広告においては、広告発注者と広告代理店、消費者との主観と客観が織混ざっており、確率論もそれぞれの異業種の歴史に左右される。
広告においてもビッグデータを用いる時代が到来しているが、大都市圏では取得及び参考に用いられるデータ量や更新頻度が高く、アルゴリズムの開発も応用性が存在するが、地方都市などでは、ビッグデータの活用が盛んとは言えない。
本研究では地方都市におけるビッグデータの活用を活性化するため、地場ビルダーによる売上という果実の大小と顧客の嗜好の因果関係を解析し、それを元にPRアルゴリズムの開発を行うことをテーマに設定した。

PRアルゴリズムの仮説

地場ビルダーである広告発注者が欲するものは、自己の販売圏への販売力の浸透であり、消費者の欲するものは所謂、理想的なコスパ内での情報獲得である。つまり消費者は自分の行動圏内において、住宅という高価格なものを「捜索」していると考え得る。
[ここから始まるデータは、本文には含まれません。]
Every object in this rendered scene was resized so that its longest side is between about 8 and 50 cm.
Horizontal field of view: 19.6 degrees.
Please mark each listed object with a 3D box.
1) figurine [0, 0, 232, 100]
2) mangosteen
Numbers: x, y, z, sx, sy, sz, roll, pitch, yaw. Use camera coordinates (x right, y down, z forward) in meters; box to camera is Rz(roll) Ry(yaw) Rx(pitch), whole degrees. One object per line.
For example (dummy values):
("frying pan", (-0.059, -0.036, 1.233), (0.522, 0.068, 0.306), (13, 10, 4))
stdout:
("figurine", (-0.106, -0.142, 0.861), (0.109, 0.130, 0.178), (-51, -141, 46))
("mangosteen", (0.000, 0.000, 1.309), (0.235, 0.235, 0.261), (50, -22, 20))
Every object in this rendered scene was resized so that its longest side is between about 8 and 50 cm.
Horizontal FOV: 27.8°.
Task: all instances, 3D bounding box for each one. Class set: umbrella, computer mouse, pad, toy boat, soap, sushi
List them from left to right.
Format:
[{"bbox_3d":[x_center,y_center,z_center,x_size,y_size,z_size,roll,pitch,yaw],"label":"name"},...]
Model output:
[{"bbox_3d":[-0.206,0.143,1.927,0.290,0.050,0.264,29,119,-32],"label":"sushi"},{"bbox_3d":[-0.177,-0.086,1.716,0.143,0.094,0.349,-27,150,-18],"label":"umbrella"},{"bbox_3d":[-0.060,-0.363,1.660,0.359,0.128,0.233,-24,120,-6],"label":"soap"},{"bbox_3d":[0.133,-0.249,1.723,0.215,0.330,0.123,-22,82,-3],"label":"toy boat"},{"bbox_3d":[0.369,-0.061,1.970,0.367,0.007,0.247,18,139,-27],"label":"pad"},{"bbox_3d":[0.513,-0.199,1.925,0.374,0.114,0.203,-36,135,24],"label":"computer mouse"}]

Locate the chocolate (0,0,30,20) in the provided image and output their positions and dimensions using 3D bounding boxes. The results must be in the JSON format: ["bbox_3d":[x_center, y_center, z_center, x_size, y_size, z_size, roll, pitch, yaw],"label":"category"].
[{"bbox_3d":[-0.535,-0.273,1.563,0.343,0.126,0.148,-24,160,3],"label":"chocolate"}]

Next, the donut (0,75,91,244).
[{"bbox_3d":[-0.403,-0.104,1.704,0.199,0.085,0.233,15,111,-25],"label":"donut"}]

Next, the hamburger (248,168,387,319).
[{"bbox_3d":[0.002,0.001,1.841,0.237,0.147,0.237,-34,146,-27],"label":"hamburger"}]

この消費者による「捜索アルゴリズム」を広告発注者が予測することで、消費者に「発見してもらう」蓋然性が高くなるのではないか?という仮説を立てた。
ベイズ推定を用いた「沈没潜水艦の捜索」が過去の事例に存在し、広大な大西洋から潜水艦の発見に至っている。この捜索アルゴリズムは墜落機のボイスレコーダーなどの発見にも効力を発揮しており、本研究では地域の工務店として上位の売上を記録している三重県の西川工務店の協力を得て、消費者が広大な県内の中で望む物件を「捜索」する際に図らずともいかなるアルゴリズムを持って、購入物件の「発見」に至ったのか?というPRによる購入品捜索と広告発注者から見た顧客獲得のアルゴリズムの特定と、PRアルゴリズムの構想設計を試みた。

研究内容

ベイズ推定では、初期に主観で確率を設定し、事前確率と称する。この確率は主観で決めたものであるため、実際の取得データで補正する必要がある。この補正した結果を事後確率と称する。
事後確率=データの尤度×事前確率となり、尤度とは、観測データに基づいた仮説の正しさの確率である。広告発注者も消費者もそれぞれ事前確率を仮説的に持っており、様々な条件(尤度)を整理して、顧客獲得、望む住宅の獲得に至っている。

この住宅販売と住宅検索のそれぞれの尤度の収集方法とアルゴリズム化を実装し、ベイズ推定を用いたPRアルゴリズムの理論を発表していく。